With 200-plus tackles, eight sacks, 10 passes defensed, and one Lombardi Trophy hoisted over a mostly-spectacular first 25 games started from 2010 to 2011, most analysts predicted it wouldn’t be long before Green Bay Packers linebacker Desmond Bishop ascended to the elite among his position, earning more than an alternate Pro Bowl bid along the way.
He was on the cusp of being considered among the best linebackers in the NFC and it was only a matter of time until he certainly got a shot to lead an all-star defense assembled in Honolulu – as a starter.
Bishop’s aggressive demeanor and high motor were a perfect fit opposite linebacker Clay Matthews in the resurgent Packers defense. Ted Thompson and Mike McCarthy saw something special in the ex-California Berkeley run-stopper and following a dominant 2011 Bishop signed a new 4-year, $19 million extension.
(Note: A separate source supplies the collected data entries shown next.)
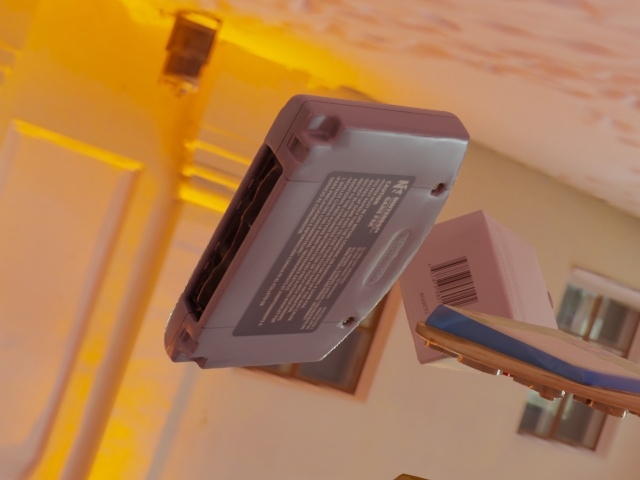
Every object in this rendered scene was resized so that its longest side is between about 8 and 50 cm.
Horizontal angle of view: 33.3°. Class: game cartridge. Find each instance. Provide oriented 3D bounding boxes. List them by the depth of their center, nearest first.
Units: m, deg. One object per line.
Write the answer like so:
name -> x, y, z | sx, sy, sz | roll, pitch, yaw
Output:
game cartridge -> 0.000, 0.000, 0.955 | 0.198, 0.297, 0.062 | -2, -134, -41

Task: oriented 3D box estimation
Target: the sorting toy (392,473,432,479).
sorting toy -> 0.064, 0.238, 0.518 | 0.229, 0.041, 0.307 | -16, -145, 6

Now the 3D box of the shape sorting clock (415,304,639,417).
shape sorting clock -> 0.165, 0.092, 0.746 | 0.206, 0.040, 0.206 | 18, -174, -2

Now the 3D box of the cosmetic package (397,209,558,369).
cosmetic package -> 0.251, 0.092, 1.649 | 0.155, 0.196, 0.365 | -19, 163, 18
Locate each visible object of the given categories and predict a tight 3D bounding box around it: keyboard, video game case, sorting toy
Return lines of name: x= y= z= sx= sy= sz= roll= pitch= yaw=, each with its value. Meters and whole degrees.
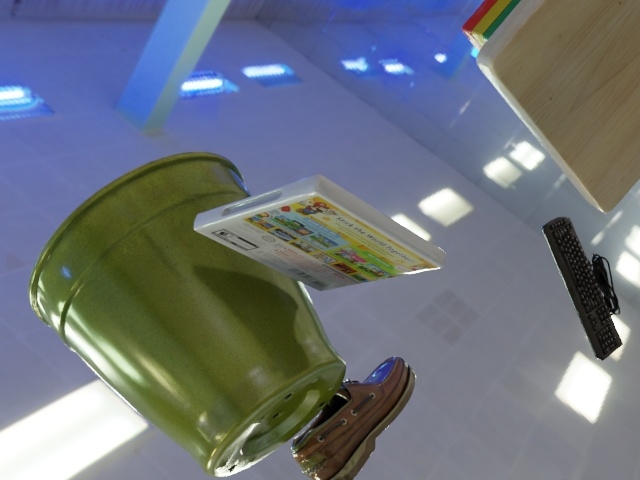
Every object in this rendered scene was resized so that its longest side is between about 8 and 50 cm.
keyboard: x=0.360 y=0.054 z=1.054 sx=0.100 sy=0.038 sz=0.192 roll=-21 pitch=-91 yaw=-49
video game case: x=0.000 y=0.000 z=0.950 sx=0.227 sy=0.206 sz=0.026 roll=29 pitch=-121 yaw=-39
sorting toy: x=0.277 y=-0.200 z=0.755 sx=0.255 sy=0.257 sz=0.089 roll=37 pitch=-176 yaw=-40

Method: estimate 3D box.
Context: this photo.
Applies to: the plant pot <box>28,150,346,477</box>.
plant pot: x=-0.160 y=0.126 z=1.135 sx=0.353 sy=0.366 sz=0.367 roll=48 pitch=-150 yaw=23

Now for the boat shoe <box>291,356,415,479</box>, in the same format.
boat shoe: x=0.060 y=0.274 z=1.318 sx=0.104 sy=0.111 sz=0.307 roll=47 pitch=-141 yaw=-3
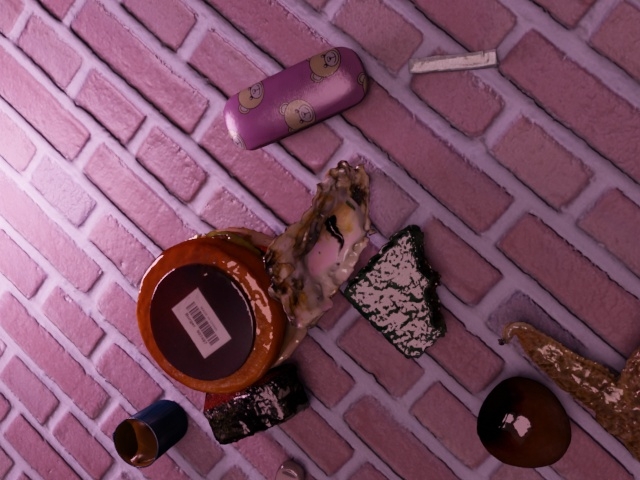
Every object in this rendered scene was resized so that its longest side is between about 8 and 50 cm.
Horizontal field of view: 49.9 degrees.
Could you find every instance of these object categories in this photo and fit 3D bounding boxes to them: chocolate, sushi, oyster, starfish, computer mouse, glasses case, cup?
[{"bbox_3d":[0.387,0.344,1.292,0.176,0.176,0.177,3,98,19],"label":"chocolate"},{"bbox_3d":[-0.140,0.352,1.479,0.225,0.136,0.126,-21,85,23],"label":"sushi"},{"bbox_3d":[0.000,0.002,1.332,0.107,0.355,0.201,3,137,49],"label":"oyster"},{"bbox_3d":[0.572,0.242,1.206,0.432,0.082,0.324,50,121,1],"label":"starfish"},{"bbox_3d":[-0.067,0.531,1.528,0.066,0.039,0.096,18,110,17],"label":"computer mouse"},{"bbox_3d":[-0.054,-0.283,1.394,0.316,0.076,0.123,-21,90,21],"label":"glasses case"},{"bbox_3d":[-0.398,0.429,1.577,0.150,0.138,0.114,22,104,15],"label":"cup"}]

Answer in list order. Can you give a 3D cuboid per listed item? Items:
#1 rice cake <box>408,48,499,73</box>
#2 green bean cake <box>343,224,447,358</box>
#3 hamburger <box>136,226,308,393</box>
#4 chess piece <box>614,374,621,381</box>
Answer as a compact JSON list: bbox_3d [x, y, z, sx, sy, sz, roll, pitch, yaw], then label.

All would be right for Green Bay at linebacker for the next half decade.
Then, like the crack of a rifle, in a split second that outlook completely changed.
On a muggy 2012 August evening during a meaningless exhibition game Bishop crumpled to the turf with a savagely torn hamstring. The devastating injury robbed him of a chance to build on his 2011 Pro Bowl campaign, the gaudy statistics, the Super Bowl glory and the multitude of personal milestones he’d undoubtedly set while cementing himself as the next great green and gold goliath at linebacker.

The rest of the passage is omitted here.